First of all, redis is amazing, and your 4 month development process speaks to the fact that you've already designed and verified correctness super thoroughly.
... just speaking as someone who sometimes has to review very long PRs sometimes, though, I feel like 25% is a roughly normal level of "signal to noise." 5,000 lines of core logic is a LOT, and the tests and dependencies do still need to be read.
EDIT: I feel like the problem, as a reviewer, is processing 4 months of intensive research/development and providing useful feedback. At that point, there's probably not much major input you can have into the core architecture or strategy, so you're probably not providing much more than a bugbot at that point.
I think where we went wrong in understanding this PR is in the assumption that it's designed to invite review because that's how a lot of other team- or community-driven projects work.
> At that point, there's probably not much major input you can have into the core architecture or strategy
Sure you can? In this concrete case, Redis is very "flat" — there's the data structure implementations, and there's the commands that use them. 1+N. You could have feedback about the data structure (i.e. whether it's optimal for the use-cases); or about any of the commands (i.e. not just their impls, but also whether they're the best core API surface to lock in long-term, or even whether they're worth including at all.)
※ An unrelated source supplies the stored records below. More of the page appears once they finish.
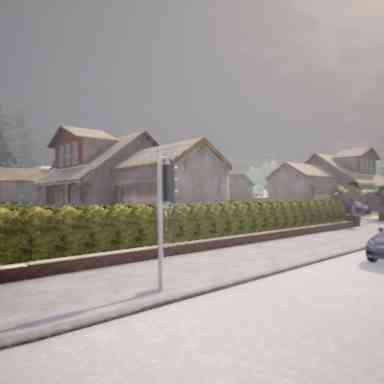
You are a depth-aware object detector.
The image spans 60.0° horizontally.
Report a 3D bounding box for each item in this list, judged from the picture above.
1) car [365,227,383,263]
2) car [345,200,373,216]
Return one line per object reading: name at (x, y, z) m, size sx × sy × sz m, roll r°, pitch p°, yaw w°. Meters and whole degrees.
car at (7.771, 1.628, 11.641) m, size 4.674 × 1.442 × 1.812 m, roll 0°, pitch -1°, yaw -42°
car at (15.741, 1.526, 32.652) m, size 1.845 × 1.501 × 3.633 m, roll 0°, pitch -1°, yaw -44°
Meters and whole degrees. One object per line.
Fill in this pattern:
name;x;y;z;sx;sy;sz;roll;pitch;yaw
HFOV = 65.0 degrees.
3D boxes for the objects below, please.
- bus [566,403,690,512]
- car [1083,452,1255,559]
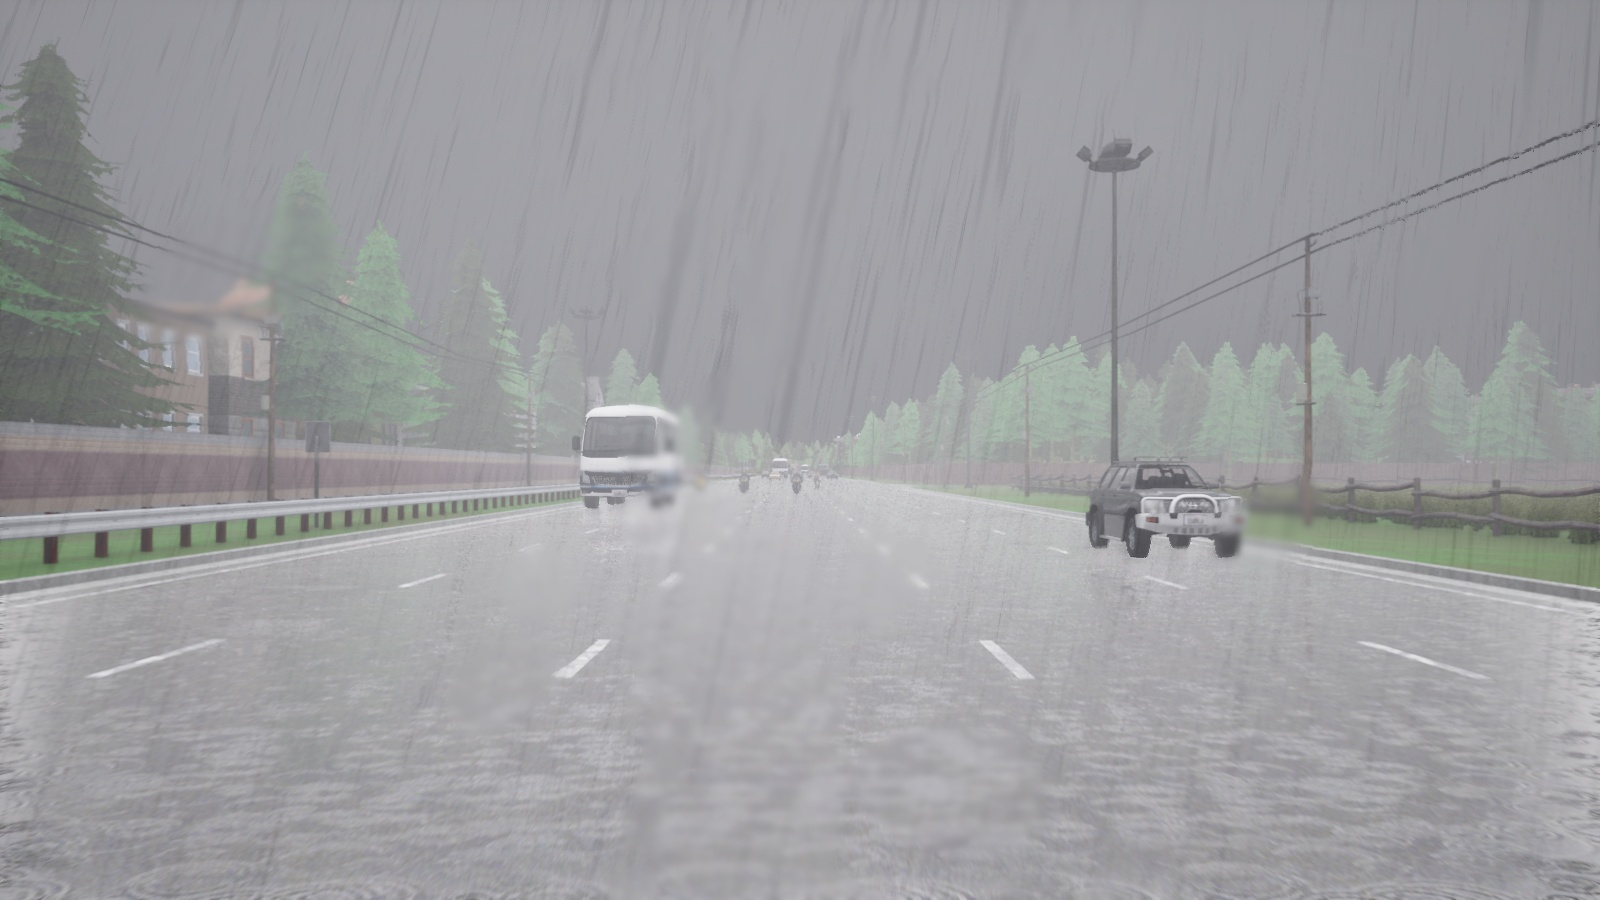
bus;-7.135;0.371;54.004;3.944;4.253;10.273;0;-1;0
car;6.941;1.008;24.162;1.932;1.855;4.605;0;-1;0

Any given feedback would necessitate fairly limited rework to address, as you're either modifying the data structure (and its tests) or a command (and its tests and docs.)
Fair point that there might be some functional changes you can suggest, but I continue to suspect that by the time this PR hit GitHub, all the most important decisions have already been finalized.
Oh wow, I didn't realize that Redis is still mostly just authored by antirez! (My understanding is that he had left for some time and then returned to the project.) That is, honestly, pretty amazing. Well, redis is great and clearly it's worked out.
I was expecting to see some verbose LLM output, but actually the code has a distinctly hand-crafted feel. Nice to see! I'm not sure if "production ready" is a safe claim 7 commits in to a project ;)
$8M sounds like a lot, but (a) the cost of making a material financial mistake c an easily dwarf this, and (b) the cost of the engineers maintaining the system was likely about this expensive anyway. And infra is expensive when you're Uber. It all seems rather overblown to me.